Novo Nordisk Unveils Phase 3 CagriSema and Phase 2 Zenagamtide Data at ADA 2026

Novo Nordisk Unveils Phase 3 CagriSema and Phase 2 Zenagamtide Data at ADA 2026

At the American Diabetes Association (ADA) 2026 Scientific Sessions, Novo Nordisk A/S showcased key data from its dual-acting metabolic pipeline, reinforcing its focus on combination and multi-receptor mechanisms to counter Eli Lilly's high-potency assets.

CagriSema Outperforms Semaglutide in Phase 3 REIMAGINE 2 Trial

Novo Nordisk presented the detailed results of its Phase 3 REIMAGINE 2 trial evaluating CagriSema—a weekly subcutaneous fixed-dose combination of its GLP-1 receptor agonist semaglutide and its long-acting amylin analog cagrilintide.

The 68-week trial evaluated 2,728 adults with type 2 diabetes inadequately controlled on metformin (with or without an SGLT2 inhibitor) across multiple dosing arms. The trial established CagriSema's clinical superiority in both glycemic control and weight loss over its individual components¹:

• Glycemic Control: Under the efficacy estimand, patients treated with CagriSema 2.4 mg/2.4 mg achieved a mean 1.91% HbA1c reduction from a baseline of 8.2%, compared to a 1.76% reduction with semaglutide 2.4 mg alone.
• Weight Loss: From a baseline body weight of 101 kg (~222 lbs), CagriSema patients achieved a mean 14.2% body weight reduction, compared to 10.2% with semaglutide 2.4 mg.
• Under the high dose, 43% of CagriSema patients achieved a weight loss of 15% or greater, and 24% achieved 20% or greater.
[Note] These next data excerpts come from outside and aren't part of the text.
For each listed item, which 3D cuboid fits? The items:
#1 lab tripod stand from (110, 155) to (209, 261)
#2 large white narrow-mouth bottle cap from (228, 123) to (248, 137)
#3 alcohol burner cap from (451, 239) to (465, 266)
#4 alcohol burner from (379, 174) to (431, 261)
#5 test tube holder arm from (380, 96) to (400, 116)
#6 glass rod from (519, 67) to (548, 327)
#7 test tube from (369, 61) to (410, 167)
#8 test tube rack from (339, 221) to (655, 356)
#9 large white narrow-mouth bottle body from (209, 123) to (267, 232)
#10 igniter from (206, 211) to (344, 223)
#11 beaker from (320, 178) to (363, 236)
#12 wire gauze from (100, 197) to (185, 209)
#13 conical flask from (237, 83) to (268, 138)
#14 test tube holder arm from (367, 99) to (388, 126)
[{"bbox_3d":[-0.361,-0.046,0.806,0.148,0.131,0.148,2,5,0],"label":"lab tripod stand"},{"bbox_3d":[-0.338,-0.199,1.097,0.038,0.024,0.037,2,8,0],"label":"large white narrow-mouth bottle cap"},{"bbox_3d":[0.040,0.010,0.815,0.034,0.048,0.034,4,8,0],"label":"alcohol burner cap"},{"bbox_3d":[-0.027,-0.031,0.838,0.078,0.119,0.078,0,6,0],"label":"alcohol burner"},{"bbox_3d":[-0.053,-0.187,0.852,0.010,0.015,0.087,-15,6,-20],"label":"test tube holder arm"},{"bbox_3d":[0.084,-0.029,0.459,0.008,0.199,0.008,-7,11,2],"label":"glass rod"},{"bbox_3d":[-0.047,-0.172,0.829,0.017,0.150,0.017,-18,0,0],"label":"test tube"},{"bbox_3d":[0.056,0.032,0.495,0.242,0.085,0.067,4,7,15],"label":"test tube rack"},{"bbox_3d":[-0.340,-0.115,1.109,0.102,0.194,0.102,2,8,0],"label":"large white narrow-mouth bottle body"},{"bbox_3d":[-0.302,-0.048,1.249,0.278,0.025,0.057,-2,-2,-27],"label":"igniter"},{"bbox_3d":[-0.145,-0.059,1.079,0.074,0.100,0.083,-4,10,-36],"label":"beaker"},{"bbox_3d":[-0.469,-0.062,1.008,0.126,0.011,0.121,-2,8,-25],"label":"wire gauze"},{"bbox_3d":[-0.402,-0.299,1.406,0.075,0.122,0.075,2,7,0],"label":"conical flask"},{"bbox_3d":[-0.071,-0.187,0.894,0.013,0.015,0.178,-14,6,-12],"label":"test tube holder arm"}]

No weight loss plateau was observed at week 68.
• Tolerability: CagriSema exhibited a safe and well-tolerated profile, with mild-to-moderate gastrointestinal adverse events consistent with the incretin and amylin classes.
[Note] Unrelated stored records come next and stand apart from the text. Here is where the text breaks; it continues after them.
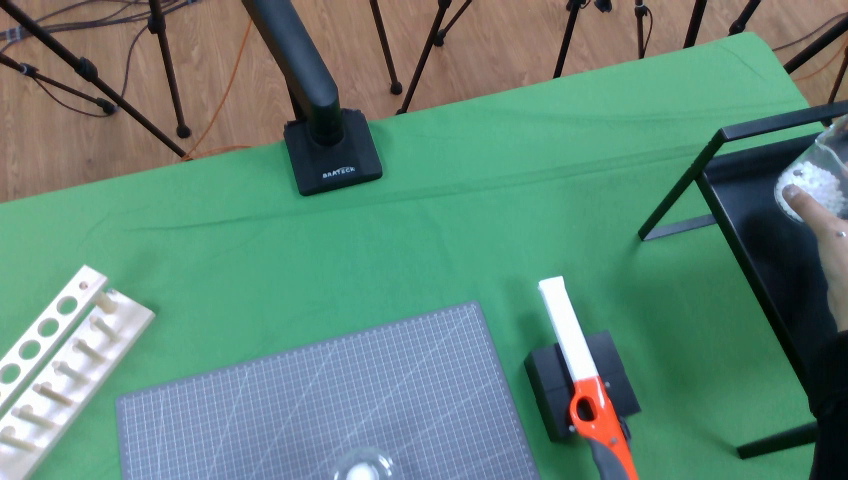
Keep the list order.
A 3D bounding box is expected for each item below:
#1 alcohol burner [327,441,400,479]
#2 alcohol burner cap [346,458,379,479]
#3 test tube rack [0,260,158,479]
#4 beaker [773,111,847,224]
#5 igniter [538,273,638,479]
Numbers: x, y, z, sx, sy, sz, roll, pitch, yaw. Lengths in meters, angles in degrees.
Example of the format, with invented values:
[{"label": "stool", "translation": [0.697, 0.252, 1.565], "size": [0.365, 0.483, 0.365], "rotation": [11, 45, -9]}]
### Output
[{"label": "alcohol burner", "translation": [-0.064, 0.249, 0.636], "size": [0.078, 0.120, 0.077], "rotation": [2, 62, -3]}, {"label": "alcohol burner cap", "translation": [-0.062, 0.234, 0.603], "size": [0.034, 0.048, 0.033], "rotation": [1, 68, -2]}, {"label": "test tube rack", "translation": [-0.418, 0.149, 0.679], "size": [0.066, 0.086, 0.241], "rotation": [27, 67, 10]}, {"label": "beaker", "translation": [0.385, -0.064, 0.570], "size": [0.084, 0.101, 0.073], "rotation": [11, 67, 3]}, {"label": "igniter", "translation": [0.185, 0.166, 0.687], "size": [0.057, 0.025, 0.274], "rotation": [-11, 64, -7]}]
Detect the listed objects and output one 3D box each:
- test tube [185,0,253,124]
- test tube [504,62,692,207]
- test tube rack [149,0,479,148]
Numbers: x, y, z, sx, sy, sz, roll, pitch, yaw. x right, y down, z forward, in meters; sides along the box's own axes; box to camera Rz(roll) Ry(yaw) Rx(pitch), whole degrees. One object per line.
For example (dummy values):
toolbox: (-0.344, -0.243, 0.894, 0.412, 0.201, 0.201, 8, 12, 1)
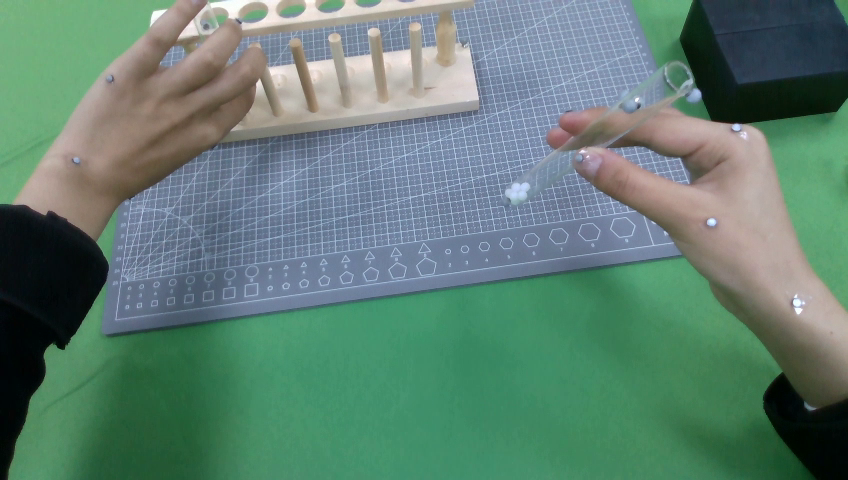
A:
test tube: (-0.151, -0.141, 0.437, 0.017, 0.152, 0.017, -1, 56, 2)
test tube: (0.082, -0.049, 0.323, 0.017, 0.150, 0.017, 7, 71, -20)
test tube rack: (-0.081, -0.141, 0.482, 0.242, 0.086, 0.066, -8, 61, 0)
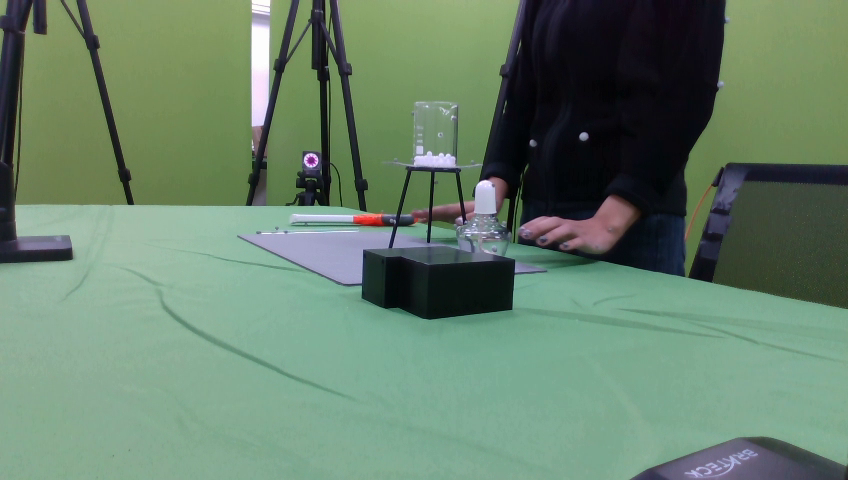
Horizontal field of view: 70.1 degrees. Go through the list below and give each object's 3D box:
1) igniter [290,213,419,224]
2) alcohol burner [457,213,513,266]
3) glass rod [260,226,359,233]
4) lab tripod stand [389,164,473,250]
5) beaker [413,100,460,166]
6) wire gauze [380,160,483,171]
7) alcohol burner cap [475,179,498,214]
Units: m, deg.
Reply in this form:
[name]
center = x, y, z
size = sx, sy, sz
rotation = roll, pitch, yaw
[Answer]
[igniter]
center = -0.143, -0.046, 1.288
size = 0.278, 0.025, 0.057
rotation = -1, -3, -24
[alcohol burner]
center = 0.084, -0.025, 0.837
size = 0.078, 0.119, 0.078
rotation = 0, 8, 0
[glass rod]
center = -0.211, -0.020, 1.137
size = 0.201, 0.008, 0.008
rotation = -3, 9, -35
[lab tripod stand]
center = 0.011, -0.054, 0.960
size = 0.148, 0.131, 0.148
rotation = 2, 9, 0
[beaker]
center = 0.020, -0.167, 0.953
size = 0.073, 0.100, 0.084
rotation = 6, 9, 26
[wire gauze]
center = 0.011, -0.119, 0.951
size = 0.122, 0.011, 0.124
rotation = -5, 12, -32
[alcohol burner cap]
center = 0.086, -0.061, 0.833
size = 0.034, 0.048, 0.034
rotation = -1, 11, 0

While CagriSema failed to demonstrate non-inferiority to Lilly's Zepbound in its separate REDEFINE-4 obesity trial in February 2026 (losing 23% vs Zepbound's 25.5% weight loss), Novo remains highly confident in its dual-mechanism profile. The company submitted CagriSema for weight management to the FDA in December 2025 and expects to discuss regulatory pathways for diabetes based on the REIMAGINE program.

Zenagamtide (Amycretin) Demonstrates Strong Phase 2 Efficacy

Novo Nordisk also presented positive Phase 2 dose-finding results for zenagamtide (formerly known as amycretin), its first-in-class unimolecular peptide agonist targeting both GLP-1 and amylin receptors.

The 36-week trial randomized 262 adults with type 2 diabetes across six subcutaneous doses (0.4 mg to 40 mg) versus a pooled placebo:

• A1C Reduction: From a baseline of 7.8%, the highest dose of zenagamtide (40 mg once-weekly) led to a mean 1.71% HbA1c reduction (estimated treatment difference vs placebo of -1.56%). Up to 89.1% of participants achieved an A1C level below 7.0%.
• Weight Loss: Participants on the 40 mg dose achieved a mean 14.6% body weight reduction from a baseline of 99.2 kg (~219 lbs), compared to just 2.1% in the placebo group.
• Time in Range: Patients on zenagamtide 40 mg spent an average of 91.5% of their day within the target glucose range of 70–180 mg/dL.

These strong results support the advancement of zenagamtide into late-stage trials. Novo Nordisk is planning to initiate the zenagamtide Phase 3 development program for type 2 diabetes in the second half of 2026.